Issue #119 – Machine Translationese: Effects of Algorithmic Bias on Linguistic Complexity in MT

NMT 119 Machine Translationese _ Effects of Algorithmic Bias on Linguistic Complexity in Machine Translation

Issue #119 – Machine Translationese: Effects of Algorithmic Bias on Linguistic Complexity in MT

This week we have a guest post from Eva Vanmassenhove, Assistant Professor at Tilburg University, Dimitar Shterionov, Assistant Professor at Tilburg University, and Matt Gwilliam, from the University of Maryland.

In Translation Studies, it is common to refer to a term called “translationese” that encapsulates a set of linguistic features commonly present in human translations as opposed to originally written texts. Researchers in the Machine Translation field have explored how this could be transposed to post-editing tasks and hence talk about “post-editese” (if you are curious, this paper by Joke Daems et al. may be a good starting point). Eva and her colleagues go one step further and investigate “Machine Translationese”. In the paper they summarize for the Iconic Neural MT weekly, Eva and her colleagues explore the difference between the richness of the data used to train Machine Translation (MT) systems and the output they produce. Could this be attributed to some sort of statistical/algorithmic bias? Read below to learn what they found out!  

Introduction

Recent studies in the field of Machine Translation (MT) and Natural Language Processing (NLP) have shown that existing models amplify biases observed in the training data.

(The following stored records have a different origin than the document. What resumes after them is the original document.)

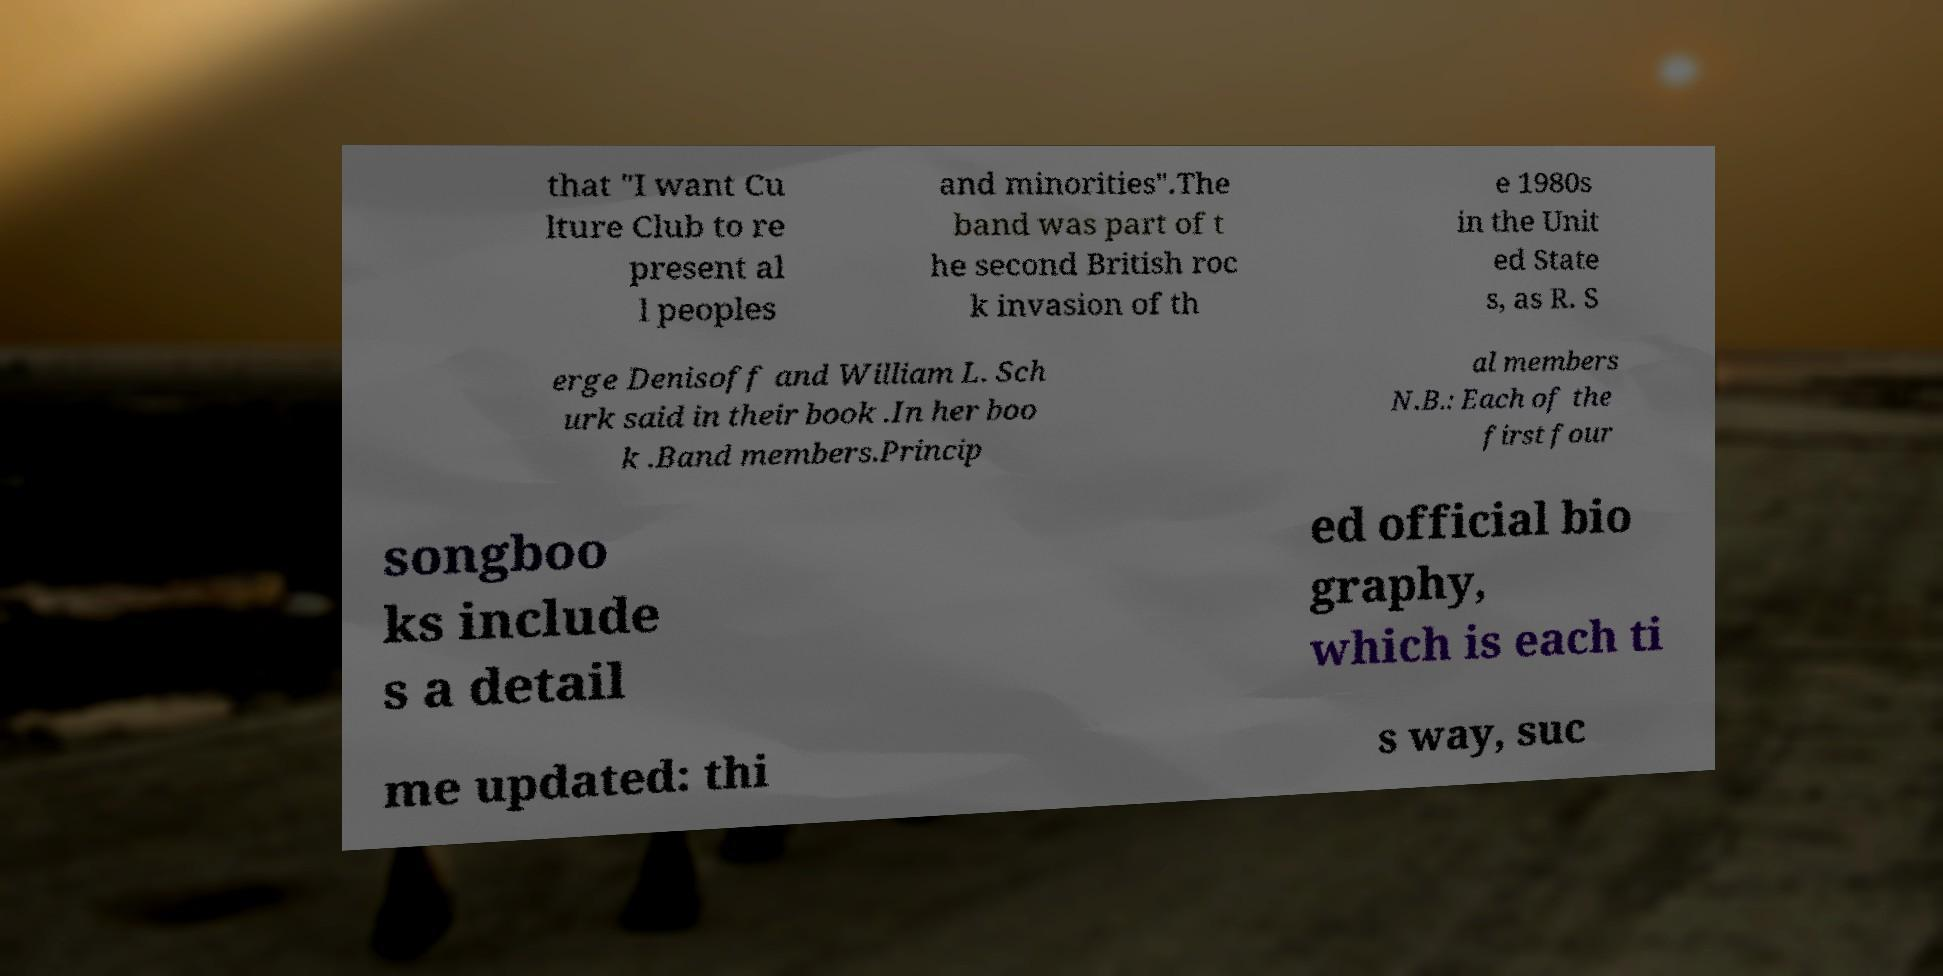I need the written content from this picture converted into text. Can you do that? that "I want Cu lture Club to re present al l peoples and minorities".The band was part of t he second British roc k invasion of th e 1980s in the Unit ed State s, as R. S erge Denisoff and William L. Sch urk said in their book .In her boo k .Band members.Princip al members N.B.: Each of the first four songboo ks include s a detail ed official bio graphy, which is each ti me updated: thi s way, suc 
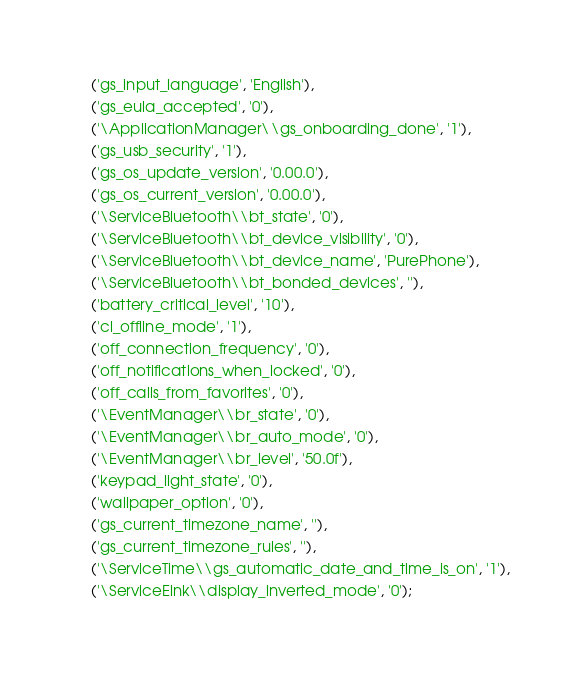Convert code to text. <code><loc_0><loc_0><loc_500><loc_500><_SQL_>    ('gs_input_language', 'English'),
    ('gs_eula_accepted', '0'),
    ('\ApplicationManager\\gs_onboarding_done', '1'),
    ('gs_usb_security', '1'),
    ('gs_os_update_version', '0.00.0'),
    ('gs_os_current_version', '0.00.0'),
    ('\ServiceBluetooth\\bt_state', '0'),
    ('\ServiceBluetooth\\bt_device_visibility', '0'),
    ('\ServiceBluetooth\\bt_device_name', 'PurePhone'),
    ('\ServiceBluetooth\\bt_bonded_devices', ''),
    ('battery_critical_level', '10'),
    ('cl_offline_mode', '1'),
    ('off_connection_frequency', '0'),
    ('off_notifications_when_locked', '0'),
    ('off_calls_from_favorites', '0'),
    ('\EventManager\\br_state', '0'),
    ('\EventManager\\br_auto_mode', '0'),
    ('\EventManager\\br_level', '50.0f'),
    ('keypad_light_state', '0'),
    ('wallpaper_option', '0'),
    ('gs_current_timezone_name', ''),
    ('gs_current_timezone_rules', ''),
    ('\ServiceTime\\gs_automatic_date_and_time_is_on', '1'),
    ('\ServiceEink\\display_inverted_mode', '0');


</code> 
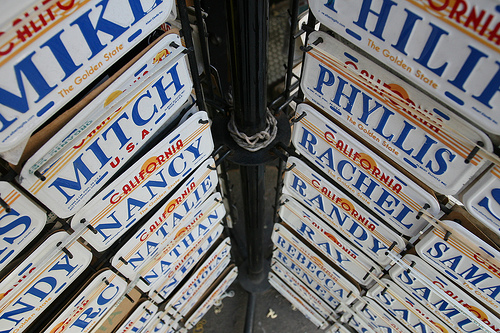<image>
Can you confirm if the nancy plate is on the mitch plate? No. The nancy plate is not positioned on the mitch plate. They may be near each other, but the nancy plate is not supported by or resting on top of the mitch plate. 
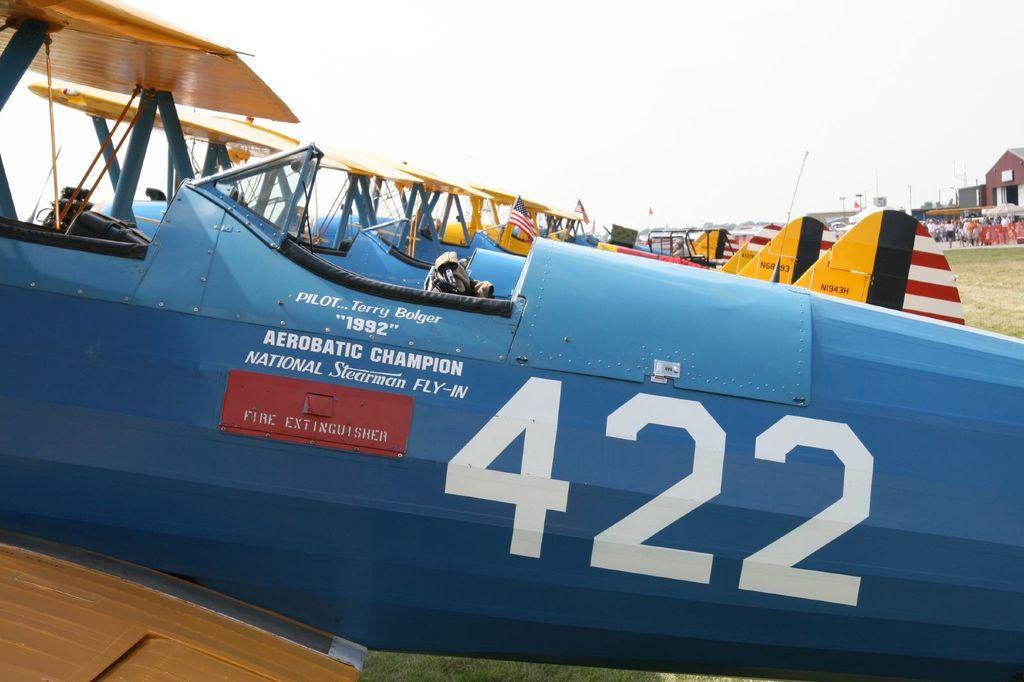Provide a one-sentence caption for the provided image. A blue aeroplane fuselage with the number 422 on it. 
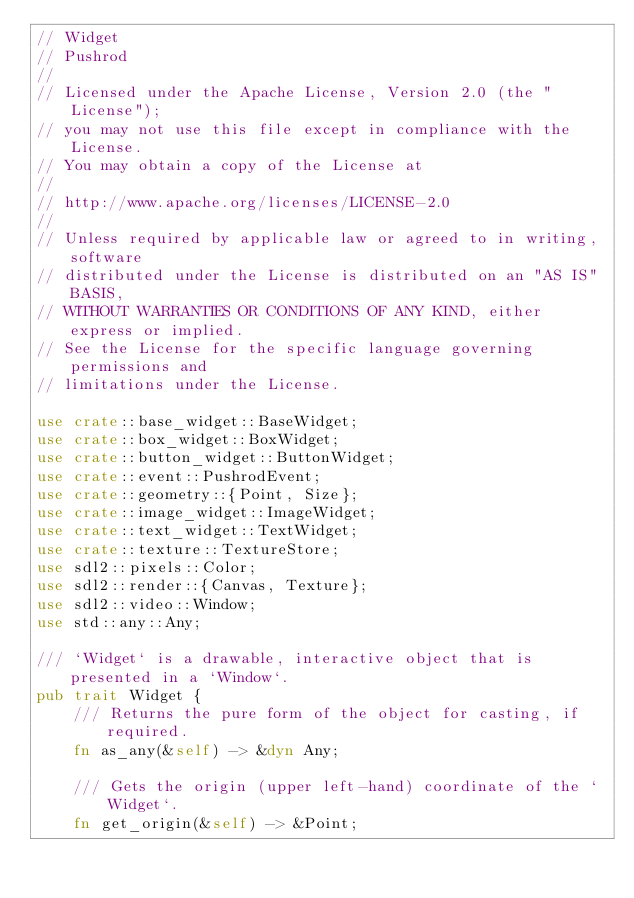Convert code to text. <code><loc_0><loc_0><loc_500><loc_500><_Rust_>// Widget
// Pushrod
//
// Licensed under the Apache License, Version 2.0 (the "License");
// you may not use this file except in compliance with the License.
// You may obtain a copy of the License at
//
// http://www.apache.org/licenses/LICENSE-2.0
//
// Unless required by applicable law or agreed to in writing, software
// distributed under the License is distributed on an "AS IS" BASIS,
// WITHOUT WARRANTIES OR CONDITIONS OF ANY KIND, either express or implied.
// See the License for the specific language governing permissions and
// limitations under the License.

use crate::base_widget::BaseWidget;
use crate::box_widget::BoxWidget;
use crate::button_widget::ButtonWidget;
use crate::event::PushrodEvent;
use crate::geometry::{Point, Size};
use crate::image_widget::ImageWidget;
use crate::text_widget::TextWidget;
use crate::texture::TextureStore;
use sdl2::pixels::Color;
use sdl2::render::{Canvas, Texture};
use sdl2::video::Window;
use std::any::Any;

/// `Widget` is a drawable, interactive object that is presented in a `Window`.
pub trait Widget {
    /// Returns the pure form of the object for casting, if required.
    fn as_any(&self) -> &dyn Any;

    /// Gets the origin (upper left-hand) coordinate of the `Widget`.
    fn get_origin(&self) -> &Point;
</code> 
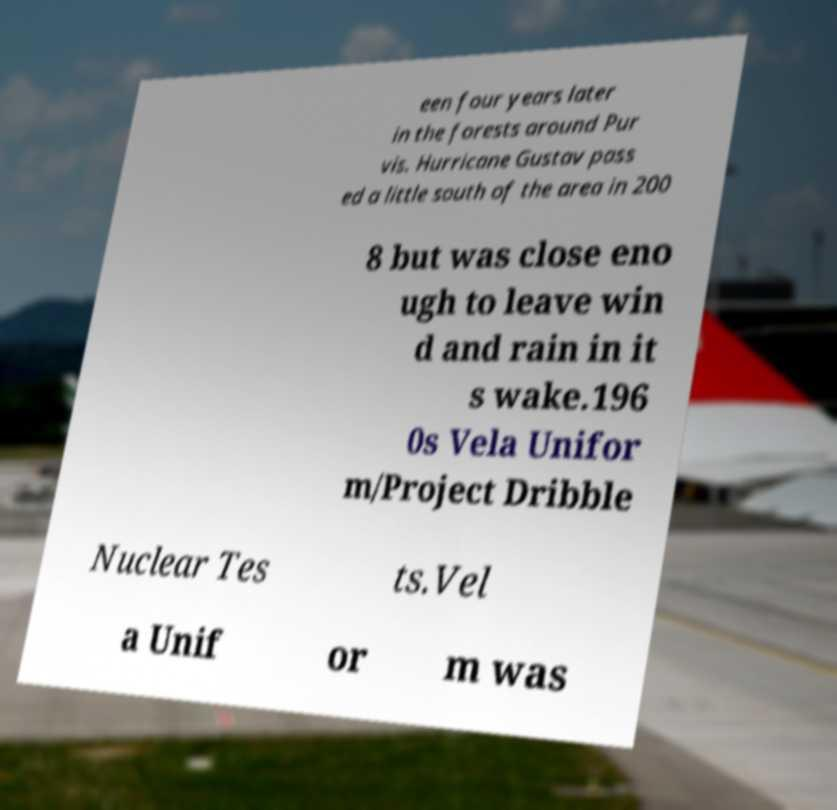I need the written content from this picture converted into text. Can you do that? een four years later in the forests around Pur vis. Hurricane Gustav pass ed a little south of the area in 200 8 but was close eno ugh to leave win d and rain in it s wake.196 0s Vela Unifor m/Project Dribble Nuclear Tes ts.Vel a Unif or m was 
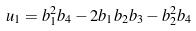Convert formula to latex. <formula><loc_0><loc_0><loc_500><loc_500>u _ { 1 } = b _ { 1 } ^ { 2 } b _ { 4 } - 2 b _ { 1 } b _ { 2 } b _ { 3 } - b _ { 2 } ^ { 2 } b _ { 4 }</formula> 
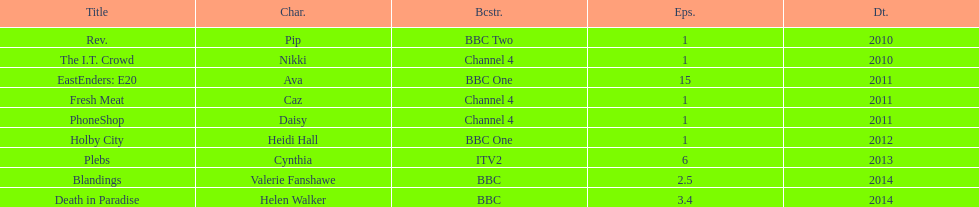How many television credits does this actress have? 9. 
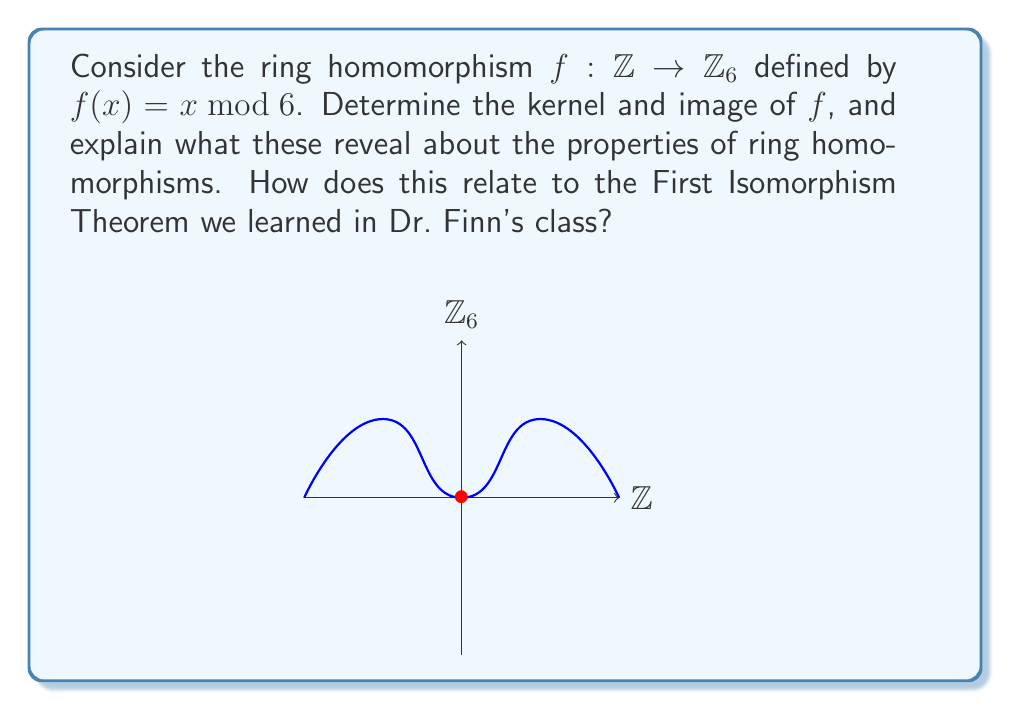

These biases have been primarily examined with respect to specific phenomena (e.g. gender bias (Vanmassenhove et al., 2018)). In the paper “Machine Translationese: Effects of Algorithmic Bias on Linguistic Complexity in Machine Translation” we examine the effects of statistical or algorithmic bias on language in a broader sense. We hypothesize that the exacerbation of frequent patterns observed during training in combination with a loss of the less frequent ones leads to an artificially impoverished language: ‘machine translationese’. In order to investigate this hypothesis, we assessed the linguistic richness of 12 different flavours of machine translationese on a lexical and morphological level: two language pairs, English (EN) <=> French (FR) and English (EN) <=> Spanish (ES), and three types of MT systems, PB-SMT, Transformer NMT and RNN NMT.

Translation as Transformation

The idea of (human) translation entailing a transformation is widely accepted in research in Translation Studies (Ippolito, 2014). It has been empirically established that the translation process leaves fingerprints resulting in a language with specific characteristics, commonly referred to as ‘translationese’ (Gellerstam, 1986).

So far, in the field of MT, the main objective has been the generation of accurate and fluent translation. Maintaining the richness and diversity has understandably not been a priority (Vanmassenhove, 2020). However, MT systems are currently used widely on a daily basis and have reached a quality that is (arguably) close to that of human translations (Laubli et al., 2018; Toral et al., 2018). As such, it is time to look into the potential effects of MT algorithms on language itself.

‘Human Translationese’ vs ‘Machine Translationese’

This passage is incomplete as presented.